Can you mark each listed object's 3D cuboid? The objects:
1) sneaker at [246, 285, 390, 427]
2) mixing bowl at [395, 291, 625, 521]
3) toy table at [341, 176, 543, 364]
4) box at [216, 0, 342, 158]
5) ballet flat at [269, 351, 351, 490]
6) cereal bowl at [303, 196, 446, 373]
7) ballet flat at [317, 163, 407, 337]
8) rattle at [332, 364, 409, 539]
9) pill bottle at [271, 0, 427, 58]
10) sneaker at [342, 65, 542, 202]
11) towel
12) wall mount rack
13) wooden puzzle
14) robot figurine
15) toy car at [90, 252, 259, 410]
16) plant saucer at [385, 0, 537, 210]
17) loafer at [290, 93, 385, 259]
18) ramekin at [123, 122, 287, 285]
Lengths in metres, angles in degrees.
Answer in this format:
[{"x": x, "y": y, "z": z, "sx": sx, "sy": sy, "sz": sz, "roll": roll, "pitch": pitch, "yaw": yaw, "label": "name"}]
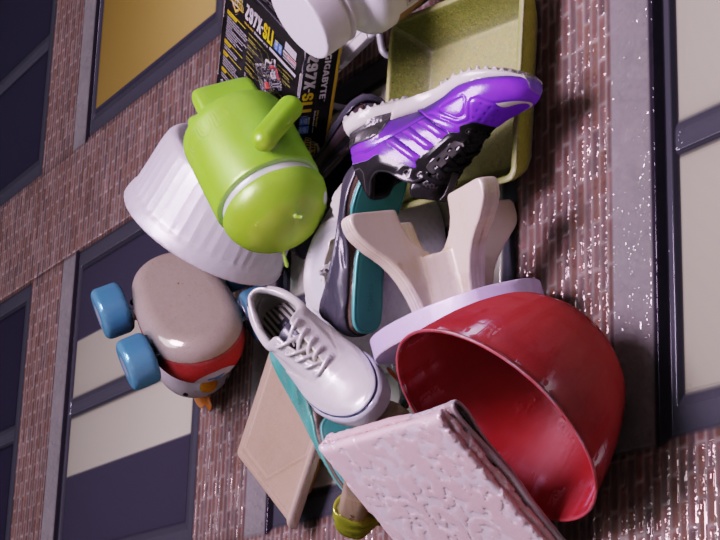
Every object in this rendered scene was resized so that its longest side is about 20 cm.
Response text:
[{"x": -0.048, "y": 0.079, "z": 1.586, "sx": 0.073, "sy": 0.071, "sz": 0.200, "roll": -53, "pitch": 42, "yaw": -2, "label": "sneaker"}, {"x": 0.138, "y": 0.092, "z": 1.371, "sx": 0.108, "sy": 0.201, "sz": 0.200, "roll": -43, "pitch": 15, "yaw": -28, "label": "mixing bowl"}, {"x": 0.072, "y": 0.001, "z": 1.514, "sx": 0.200, "sy": 0.183, "sz": 0.118, "roll": -24, "pitch": 75, "yaw": 43, "label": "toy table"}, {"x": -0.093, "y": -0.215, "z": 1.857, "sx": 0.200, "sy": 0.049, "sz": 0.160, "roll": 49, "pitch": 138, "yaw": 45, "label": "box"}, {"x": -0.032, "y": 0.139, "z": 1.707, "sx": 0.201, "sy": 0.067, "sz": 0.070, "roll": 64, "pitch": 160, "yaw": 5, "label": "ballet flat"}, {"x": 0.000, "y": 0.000, "z": 1.721, "sx": 0.200, "sy": 0.083, "sz": 0.201, "roll": -32, "pitch": 52, "yaw": 53, "label": "cereal bowl"}, {"x": -0.004, "y": -0.038, "z": 1.623, "sx": 0.073, "sy": 0.073, "sz": 0.201, "roll": 17, "pitch": 100, "yaw": 61, "label": "ballet flat"}, {"x": 0.061, "y": 0.170, "z": 1.597, "sx": 0.200, "sy": 0.142, "sz": 0.131, "roll": -55, "pitch": -36, "yaw": -52, "label": "rattle"}, {"x": 0.016, "y": -0.296, "z": 1.661, "sx": 0.114, "sy": 0.200, "sz": 0.115, "roll": 45, "pitch": 160, "yaw": 21, "label": "pill bottle"}, {"x": 0.078, "y": -0.112, "z": 1.517, "sx": 0.199, "sy": 0.069, "sz": 0.100, "roll": -17, "pitch": 72, "yaw": 33, "label": "sneaker"}, {"x": 0.077, "y": 0.201, "z": 1.431, "sx": 0.032, "sy": 0.200, "sz": 0.191, "roll": -46, "pitch": 13, "yaw": -34, "label": "towel"}, {"x": 0.004, "y": -0.271, "z": 1.826, "sx": 0.200, "sy": 0.074, "sz": 0.175, "roll": -37, "pitch": 53, "yaw": 51, "label": "wall mount rack"}, {"x": -0.069, "y": 0.155, "z": 1.845, "sx": 0.200, "sy": 0.037, "sz": 0.186, "roll": 46, "pitch": 121, "yaw": 61, "label": "wooden puzzle"}, {"x": -0.108, "y": -0.103, "z": 1.748, "sx": 0.201, "sy": 0.115, "sz": 0.176, "roll": 61, "pitch": 152, "yaw": 29, "label": "robot figurine"}, {"x": -0.191, "y": 0.097, "z": 1.992, "sx": 0.201, "sy": 0.183, "sz": 0.177, "roll": 82, "pitch": 161, "yaw": -44, "label": "toy car"}, {"x": 0.101, "y": -0.160, "z": 1.616, "sx": 0.199, "sy": 0.048, "sz": 0.201, "roll": -13, "pitch": 70, "yaw": 52, "label": "plant saucer"}, {"x": -0.024, "y": -0.090, "z": 1.805, "sx": 0.201, "sy": 0.072, "sz": 0.063, "roll": -61, "pitch": 29, "yaw": 23, "label": "loafer"}, {"x": -0.155, "y": -0.080, "z": 1.918, "sx": 0.098, "sy": 0.200, "sz": 0.201, "roll": -58, "pitch": 34, "yaw": 18, "label": "ramekin"}]
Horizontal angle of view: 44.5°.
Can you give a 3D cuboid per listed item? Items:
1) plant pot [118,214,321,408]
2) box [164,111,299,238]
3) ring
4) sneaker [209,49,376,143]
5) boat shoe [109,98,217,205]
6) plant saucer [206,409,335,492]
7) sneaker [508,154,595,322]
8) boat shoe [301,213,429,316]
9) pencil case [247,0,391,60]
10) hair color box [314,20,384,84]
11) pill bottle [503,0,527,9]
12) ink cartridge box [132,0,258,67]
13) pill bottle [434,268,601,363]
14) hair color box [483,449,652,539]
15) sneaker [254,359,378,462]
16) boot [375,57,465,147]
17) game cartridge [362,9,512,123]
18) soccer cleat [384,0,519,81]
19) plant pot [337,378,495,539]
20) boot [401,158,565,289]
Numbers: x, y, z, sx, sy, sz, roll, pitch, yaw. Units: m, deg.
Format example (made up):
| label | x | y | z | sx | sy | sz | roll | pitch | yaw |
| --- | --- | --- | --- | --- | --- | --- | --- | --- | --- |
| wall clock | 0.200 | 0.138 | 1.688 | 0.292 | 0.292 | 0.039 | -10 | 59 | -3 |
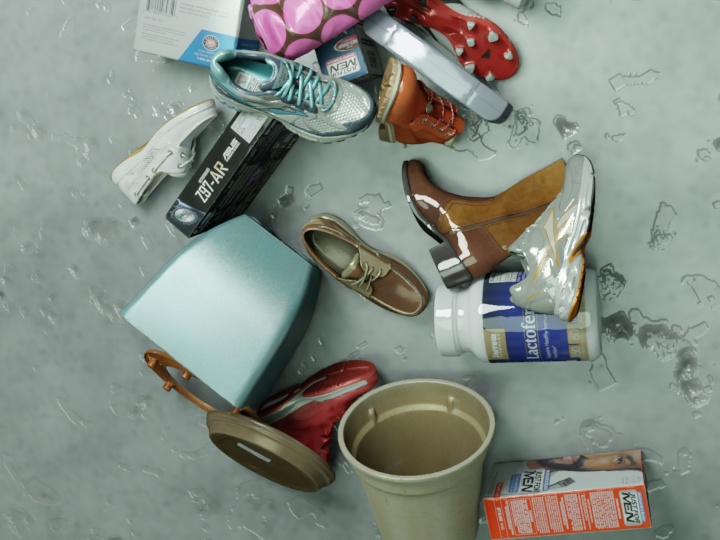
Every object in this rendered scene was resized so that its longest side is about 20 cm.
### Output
| label | x | y | z | sx | sy | sz | roll | pitch | yaw |
| --- | --- | --- | --- | --- | --- | --- | --- | --- | --- |
| plant pot | -0.159 | 0.040 | 1.172 | 0.196 | 0.196 | 0.200 | 37 | 90 | 6 |
| box | -0.152 | -0.140 | 1.145 | 0.044 | 0.160 | 0.200 | 40 | 109 | 4 |
| ring | -0.222 | 0.176 | 1.229 | 0.200 | 0.200 | 0.019 | 29 | 67 | 8 |
| sneaker | -0.080 | -0.201 | 0.996 | 0.200 | 0.086 | 0.078 | 13 | 83 | 3 |
| boat shoe | -0.260 | -0.161 | 1.223 | 0.200 | 0.071 | 0.069 | -35 | 92 | 28 |
| plant saucer | -0.129 | 0.255 | 1.217 | 0.200 | 0.200 | 0.029 | 23 | 64 | 10 |
| sneaker | 0.222 | -0.044 | 1.028 | 0.092 | 0.076 | 0.200 | 9 | 77 | 17 |
| boat shoe | 0.000 | 0.000 | 1.177 | 0.200 | 0.072 | 0.076 | 33 | 108 | 7 |
| pencil case | -0.037 | -0.321 | 1.010 | 0.200 | 0.091 | 0.094 | -30 | 128 | 16 |
| hair color box | -0.035 | -0.333 | 1.104 | 0.060 | 0.100 | 0.200 | -16 | 96 | 17 |
| pill bottle | 0.124 | -0.396 | 1.040 | 0.200 | 0.113 | 0.113 | 33 | 108 | 7 |
| ink cartridge box | -0.202 | -0.373 | 1.151 | 0.145 | 0.084 | 0.200 | 16 | 105 | 13 |
| pill bottle | 0.199 | 0.059 | 1.111 | 0.200 | 0.116 | 0.116 | -4 | 100 | 17 |
| hair color box | 0.268 | 0.290 | 1.140 | 0.200 | 0.111 | 0.064 | -9 | 99 | 17 |
| sneaker | -0.043 | 0.207 | 1.243 | 0.200 | 0.078 | 0.116 | -23 | 107 | 25 |
| boot | 0.074 | -0.196 | 1.057 | 0.107 | 0.200 | 0.075 | 13 | 87 | 8 |
| game cartridge | 0.094 | -0.245 | 1.068 | 0.200 | 0.133 | 0.042 | 37 | 108 | 6 |
| soccer cleat | 0.114 | -0.308 | 1.087 | 0.200 | 0.085 | 0.069 | 28 | 128 | -14 |
| plant pot | 0.081 | 0.274 | 1.155 | 0.200 | 0.200 | 0.184 | 0 | 119 | 16 |
| boot | 0.165 | -0.095 | 1.109 | 0.200 | 0.068 | 0.188 | -25 | 61 | 7 |
::::
## Task prompt
Which lines belong in the answer? Exactly those from the first line of the entries through the line holding "6) cereal bowl at [303, 196, 446, 373]", inclusive, copied unchanged.

## Solution to this problem
Can you mark each listed object's 3D cuboid? The objects:
1) sneaker at [246, 285, 390, 427]
2) mixing bowl at [395, 291, 625, 521]
3) toy table at [341, 176, 543, 364]
4) box at [216, 0, 342, 158]
5) ballet flat at [269, 351, 351, 490]
6) cereal bowl at [303, 196, 446, 373]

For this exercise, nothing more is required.